> **Work to complete**: Below are some records. Count the lines with "What" in them and give nothing but the total.

> **Entries taken from a collection**:
···

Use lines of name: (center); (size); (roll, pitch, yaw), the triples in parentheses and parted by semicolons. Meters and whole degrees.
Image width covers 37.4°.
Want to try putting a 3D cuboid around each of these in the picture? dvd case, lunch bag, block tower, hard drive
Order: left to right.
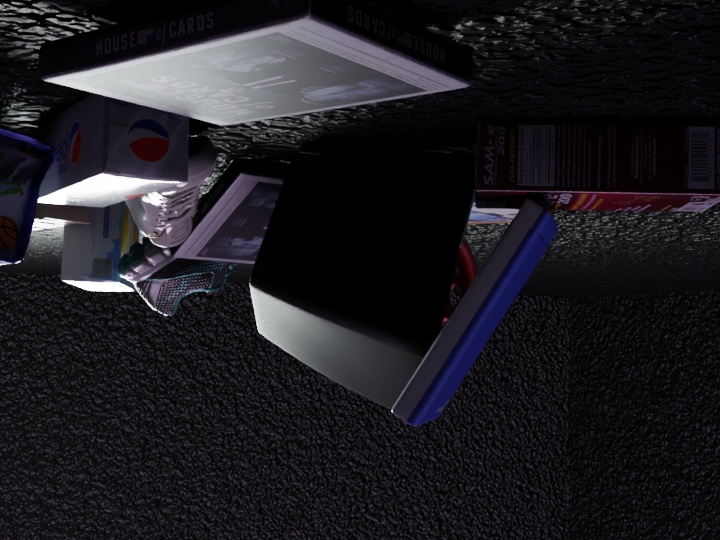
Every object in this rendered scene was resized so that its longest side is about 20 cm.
lunch bag: (-0.368, -0.069, 0.835); (0.199, 0.125, 0.170); (19, 167, -30)
block tower: (-0.369, -0.075, 1.179); (0.054, 0.058, 0.199); (4, 176, -43)
dvd case: (-0.060, -0.118, 0.605); (0.199, 0.025, 0.150); (-3, 174, 37)
dvd case: (-0.081, -0.055, 1.119); (0.199, 0.025, 0.150); (5, 144, -39)
hard drive: (0.101, 0.038, 0.899); (0.025, 0.201, 0.132); (33, -176, 13)

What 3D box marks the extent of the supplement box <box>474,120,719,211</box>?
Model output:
supplement box: (0.194, -0.084, 0.875); (0.199, 0.061, 0.109); (2, 176, 6)

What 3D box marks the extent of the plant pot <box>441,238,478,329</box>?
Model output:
plant pot: (0.033, 0.022, 1.449); (0.199, 0.202, 0.182); (3, 178, -28)

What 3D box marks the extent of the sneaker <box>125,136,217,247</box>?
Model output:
sneaker: (-0.161, -0.066, 0.937); (0.073, 0.085, 0.200); (-26, -170, -20)

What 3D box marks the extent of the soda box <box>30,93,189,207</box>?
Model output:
soda box: (-0.201, -0.091, 0.834); (0.068, 0.064, 0.200); (3, 176, -32)

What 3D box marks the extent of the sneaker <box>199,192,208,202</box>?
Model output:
sneaker: (-0.188, -0.057, 1.313); (0.084, 0.075, 0.200); (19, 170, 11)

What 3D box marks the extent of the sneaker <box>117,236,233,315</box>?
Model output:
sneaker: (-0.167, -0.022, 1.189); (0.199, 0.092, 0.078); (-29, -155, -5)

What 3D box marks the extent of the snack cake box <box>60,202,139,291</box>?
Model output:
snack cake box: (-0.307, -0.037, 1.271); (0.067, 0.116, 0.200); (2, 176, -6)

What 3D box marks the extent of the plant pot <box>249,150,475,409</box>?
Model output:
plant pot: (0.000, 0.000, 1.012); (0.176, 0.200, 0.200); (15, 156, 5)

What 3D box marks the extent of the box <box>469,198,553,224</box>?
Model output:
box: (0.119, -0.078, 1.136); (0.118, 0.042, 0.200); (-1, 178, 30)
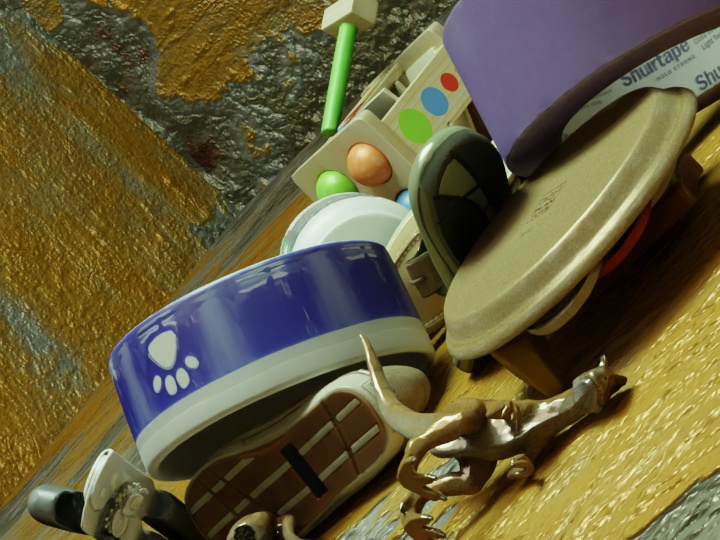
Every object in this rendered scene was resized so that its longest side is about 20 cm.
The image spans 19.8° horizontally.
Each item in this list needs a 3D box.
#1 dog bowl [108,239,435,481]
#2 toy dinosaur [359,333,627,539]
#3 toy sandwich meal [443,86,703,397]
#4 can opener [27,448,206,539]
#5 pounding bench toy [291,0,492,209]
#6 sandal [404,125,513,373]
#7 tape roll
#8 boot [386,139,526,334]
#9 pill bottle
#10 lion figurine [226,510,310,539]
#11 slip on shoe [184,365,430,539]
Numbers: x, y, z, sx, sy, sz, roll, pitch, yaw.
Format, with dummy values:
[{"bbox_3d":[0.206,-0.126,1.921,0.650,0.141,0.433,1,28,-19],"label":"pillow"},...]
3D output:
[{"bbox_3d":[-0.057,0.059,1.318,0.199,0.079,0.200,-23,-14,-6],"label":"dog bowl"},{"bbox_3d":[0.049,0.081,1.007,0.199,0.061,0.106,-5,33,48],"label":"toy dinosaur"},{"bbox_3d":[0.122,-0.014,1.083,0.205,0.070,0.205,-47,10,11],"label":"toy sandwich meal"},{"bbox_3d":[-0.142,0.161,1.315,0.200,0.066,0.053,48,-124,-60],"label":"can opener"},{"bbox_3d":[0.016,-0.122,1.751,0.156,0.200,0.124,-51,9,-38],"label":"pounding bench toy"},{"bbox_3d":[0.056,-0.018,1.185,0.080,0.057,0.201,-54,-31,-25],"label":"sandal"},{"bbox_3d":[0.151,-0.138,1.151,0.199,0.085,0.200,-26,-14,-7],"label":"tape roll"},{"bbox_3d":[0.086,-0.027,1.346,0.200,0.072,0.155,-47,9,0],"label":"boot"},{"bbox_3d":[0.000,0.000,1.524,0.113,0.113,0.200,-47,6,-2],"label":"pill bottle"},{"bbox_3d":[-0.091,0.195,1.246,0.199,0.073,0.122,-30,2,18],"label":"lion figurine"},{"bbox_3d":[-0.033,0.114,1.266,0.200,0.076,0.061,-42,-5,41],"label":"slip on shoe"}]
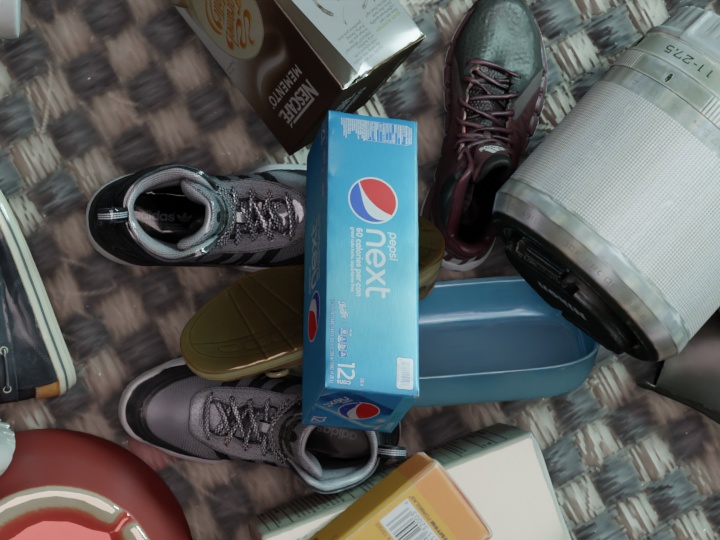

···

> **Answer box**: 9